RECORDS FOR THE EXERCISE »
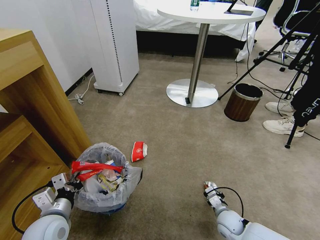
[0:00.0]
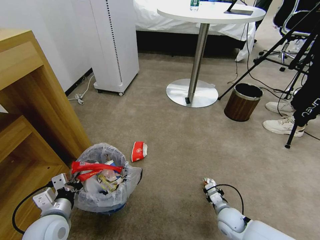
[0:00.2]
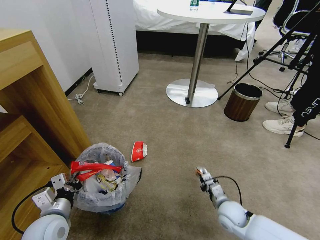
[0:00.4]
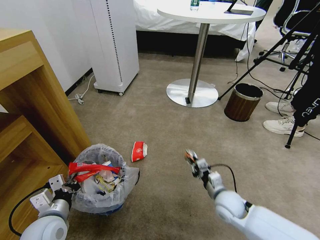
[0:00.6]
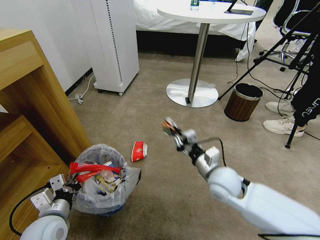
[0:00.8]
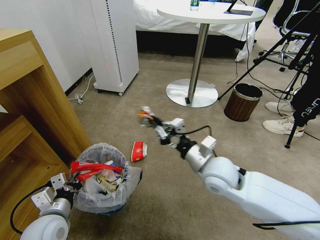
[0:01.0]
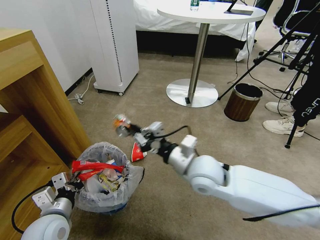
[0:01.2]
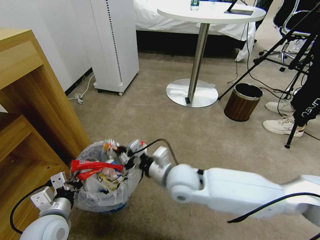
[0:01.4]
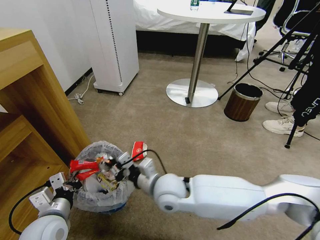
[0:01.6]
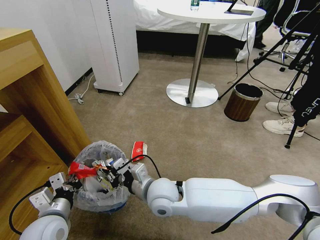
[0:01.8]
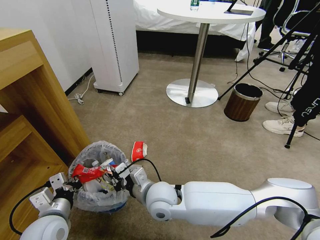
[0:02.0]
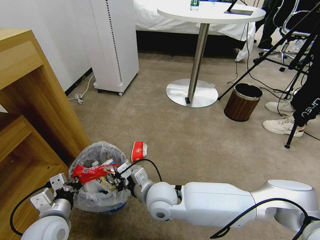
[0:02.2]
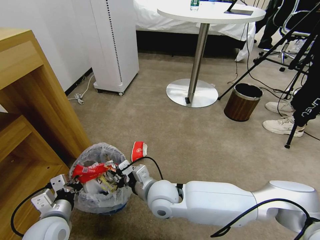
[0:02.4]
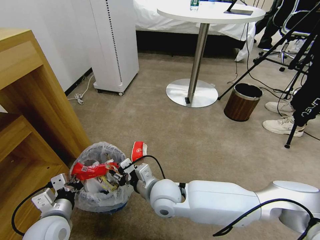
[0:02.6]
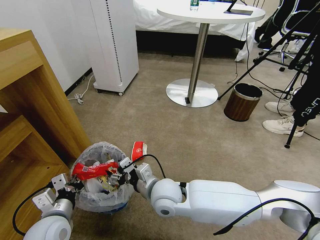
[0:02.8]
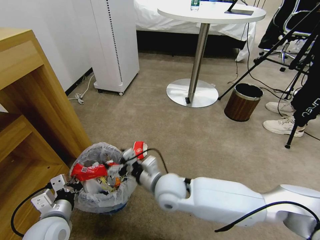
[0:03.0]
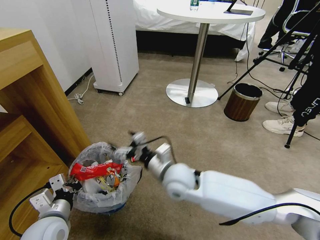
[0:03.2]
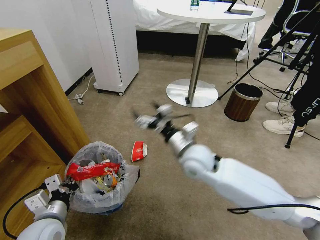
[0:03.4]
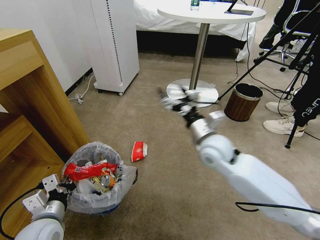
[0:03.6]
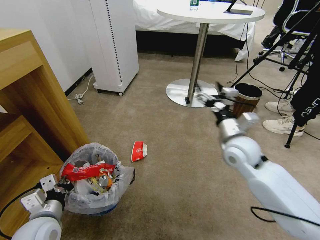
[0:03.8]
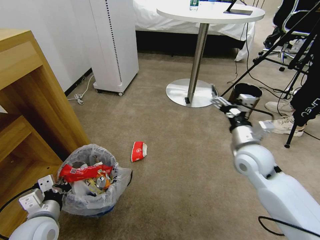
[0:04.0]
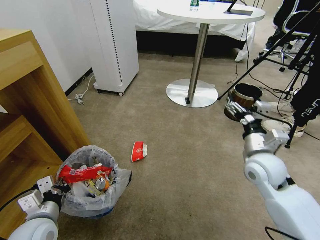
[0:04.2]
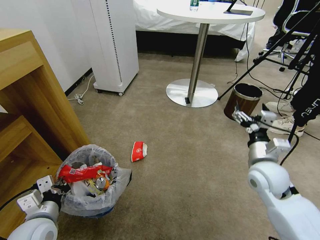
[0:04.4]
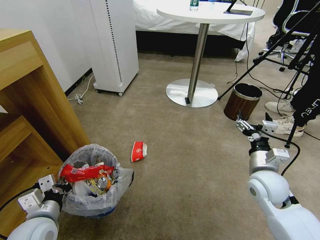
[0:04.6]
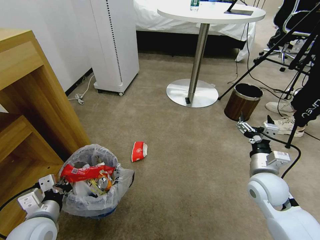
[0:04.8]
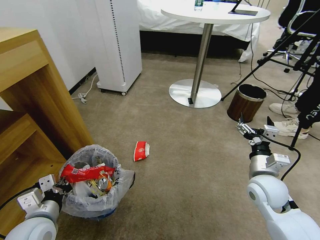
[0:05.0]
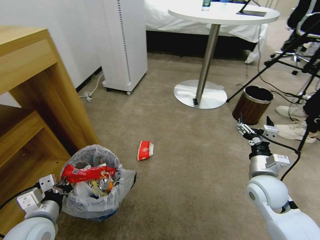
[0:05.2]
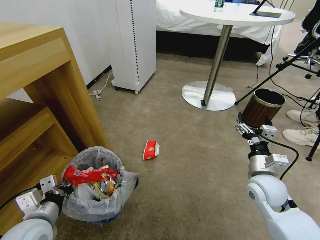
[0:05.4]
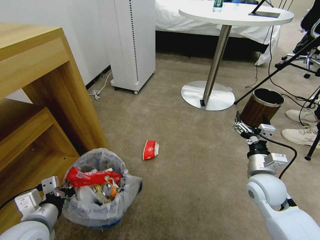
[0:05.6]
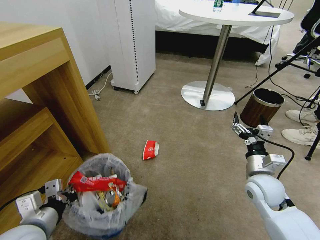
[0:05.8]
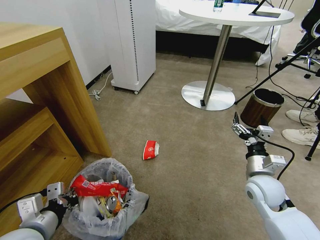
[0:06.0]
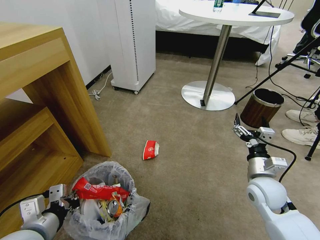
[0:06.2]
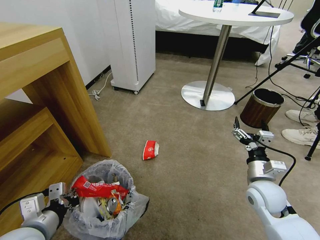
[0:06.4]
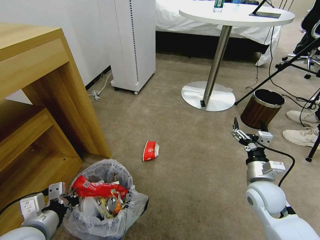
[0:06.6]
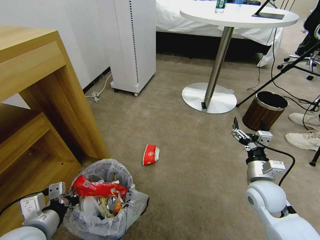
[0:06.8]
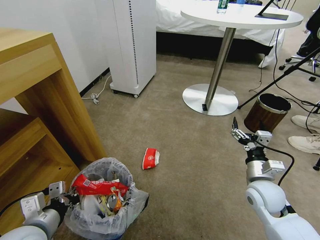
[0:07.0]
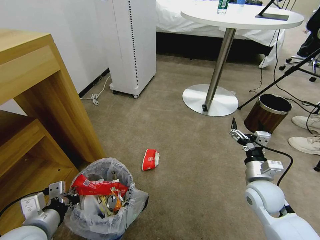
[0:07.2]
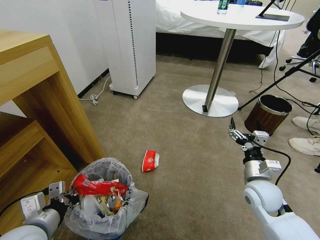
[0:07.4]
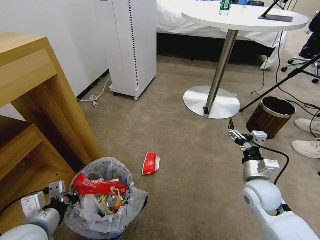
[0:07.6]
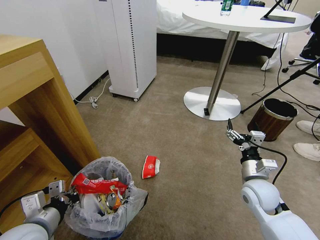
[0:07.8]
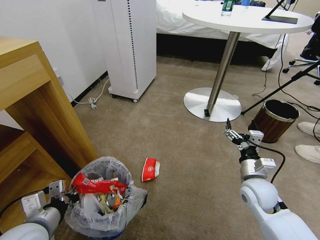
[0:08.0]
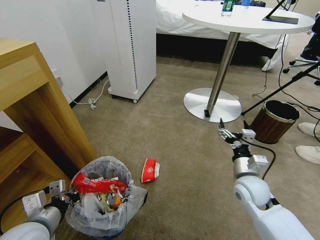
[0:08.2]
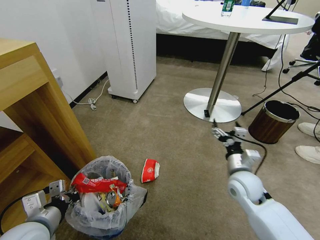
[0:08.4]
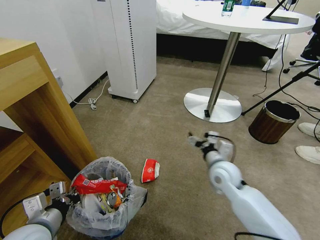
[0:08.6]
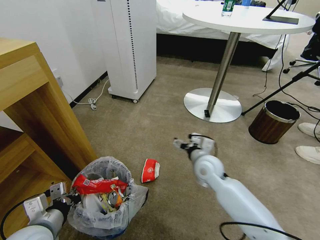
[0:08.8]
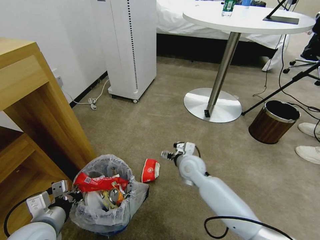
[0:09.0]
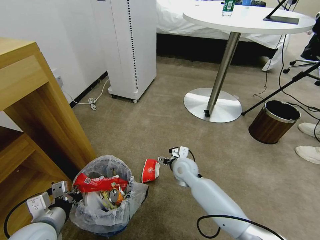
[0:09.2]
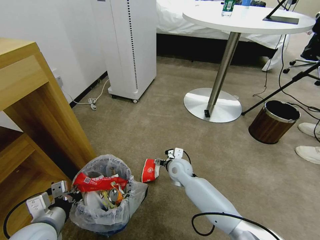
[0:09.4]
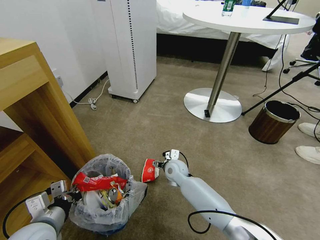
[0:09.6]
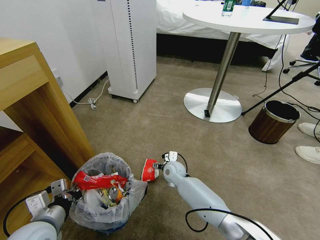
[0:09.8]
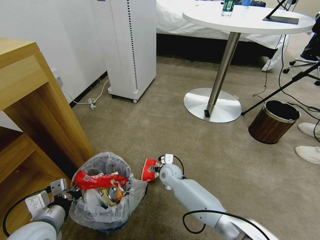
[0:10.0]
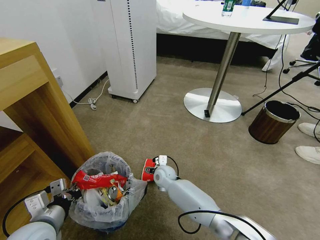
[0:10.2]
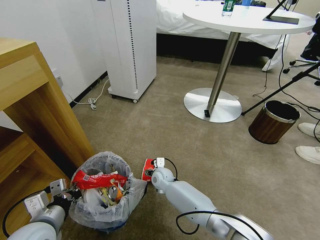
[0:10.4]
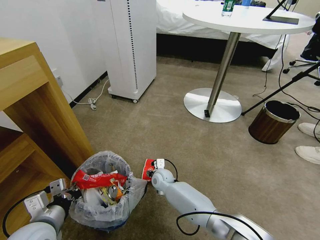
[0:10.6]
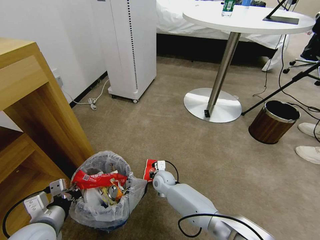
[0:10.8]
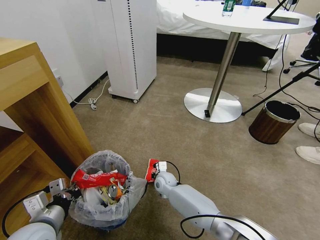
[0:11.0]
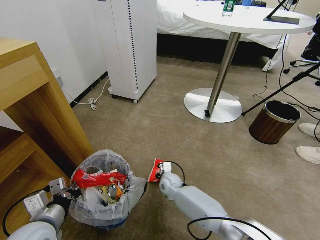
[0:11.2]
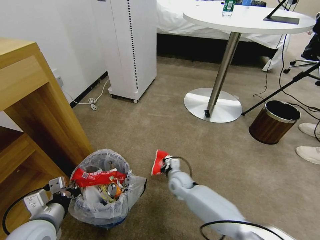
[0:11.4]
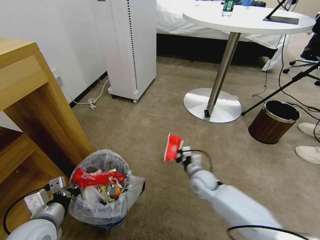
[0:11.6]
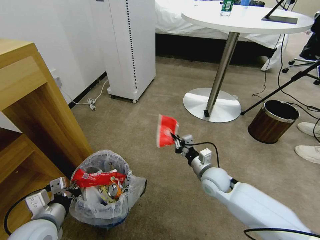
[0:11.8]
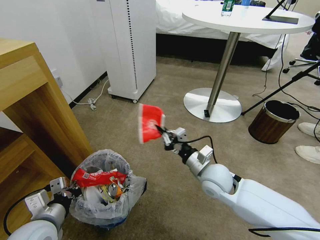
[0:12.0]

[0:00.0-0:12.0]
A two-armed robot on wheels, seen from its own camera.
Task of the whole recording: Pick up the trash bin and place the garbage on the floor into it.
0:00.0 to 0:01.6: The right gripper shifts about 35 cm to the left and upward.
0:01.6 to 0:03.0: The right gripper opens its fingers.
0:03.0 to 0:04.4: The right gripper travels to the right by roughly 30 cm.
0:04.4 to 0:06.0: The left gripper moves upward, some 5 cm. The right gripper shifts by roughly 5 cm.
0:07.6 to 0:09.0: The right gripper is displaced to the left and forward by some 20 cm.
0:09.0 to 0:10.4: The right gripper moves downward and to the left, approximately 20 cm.
0:10.4 to 0:12.0: The right gripper travels upward, to the right and backward by about 25 cm, and closes its fingers.

TASK ITEM » Should the entries hold any pictures, please omit those and print the remaining text exactly.

RESPONSE »
[0:00.0]
[0:00.2]
[0:00.4]
[0:00.6]
[0:00.8]
[0:01.0]
[0:01.2]
[0:01.4]
[0:01.6]
[0:01.8]
[0:02.0]
[0:02.2]
[0:02.4]
[0:02.6]
[0:02.8]
[0:03.0]
[0:03.2]
[0:03.4]
[0:03.6]
[0:03.8]
[0:04.0]
[0:04.2]
[0:04.4]
[0:04.6]
[0:04.8]
[0:05.0]
[0:05.2]
[0:05.4]
[0:05.6]
[0:05.8]
[0:06.0]
[0:06.2]
[0:06.4]
[0:06.6]
[0:06.8]
[0:07.0]
[0:07.2]
[0:07.4]
[0:07.6]
[0:07.8]
[0:08.0]
[0:08.2]
[0:08.4]
[0:08.6]
[0:08.8]
[0:09.0]
[0:09.2]
[0:09.4]
[0:09.6]
[0:09.8]
[0:10.0]
[0:10.2]
[0:10.4]
[0:10.6]
[0:10.8]
[0:11.0]
[0:11.2]
[0:11.4]
[0:11.6]
[0:11.8]
[0:12.0]

[0:00.0-0:12.0]
A two-armed robot on wheels, seen from its own camera.
Task of the whole recording: Pick up the trash bin and place the garbage on the floor into it.
0:00.0 to 0:01.6: The right gripper shifts about 35 cm to the left and upward.
0:01.6 to 0:03.0: The right gripper opens its fingers.
0:03.0 to 0:04.4: The right gripper travels to the right by roughly 30 cm.
0:04.4 to 0:06.0: The left gripper moves upward, some 5 cm. The right gripper shifts by roughly 5 cm.
0:07.6 to 0:09.0: The right gripper is displaced to the left and forward by some 20 cm.
0:09.0 to 0:10.4: The right gripper moves downward and to the left, approximately 20 cm.
0:10.4 to 0:12.0: The right gripper travels upward, to the right and backward by about 25 cm, and closes its fingers.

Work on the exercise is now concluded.